Required action
Keeping each word and mark in place, write out the full listing once more.

Supplied material
⟨
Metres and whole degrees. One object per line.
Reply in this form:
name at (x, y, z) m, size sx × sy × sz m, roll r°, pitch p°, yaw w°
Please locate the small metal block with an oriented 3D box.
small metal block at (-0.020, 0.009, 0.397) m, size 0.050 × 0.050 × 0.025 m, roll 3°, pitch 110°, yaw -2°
⟩
Solution to the problem
Metres and whole degrees. One object per line.
Reply in this form:
name at (x, y, z) m, size sx × sy × sz m, roll r°, pitch p°, yaw w°
Please locate the small metal block with an oriented 3D box.
small metal block at (-0.020, 0.009, 0.397) m, size 0.050 × 0.050 × 0.025 m, roll 3°, pitch 110°, yaw -2°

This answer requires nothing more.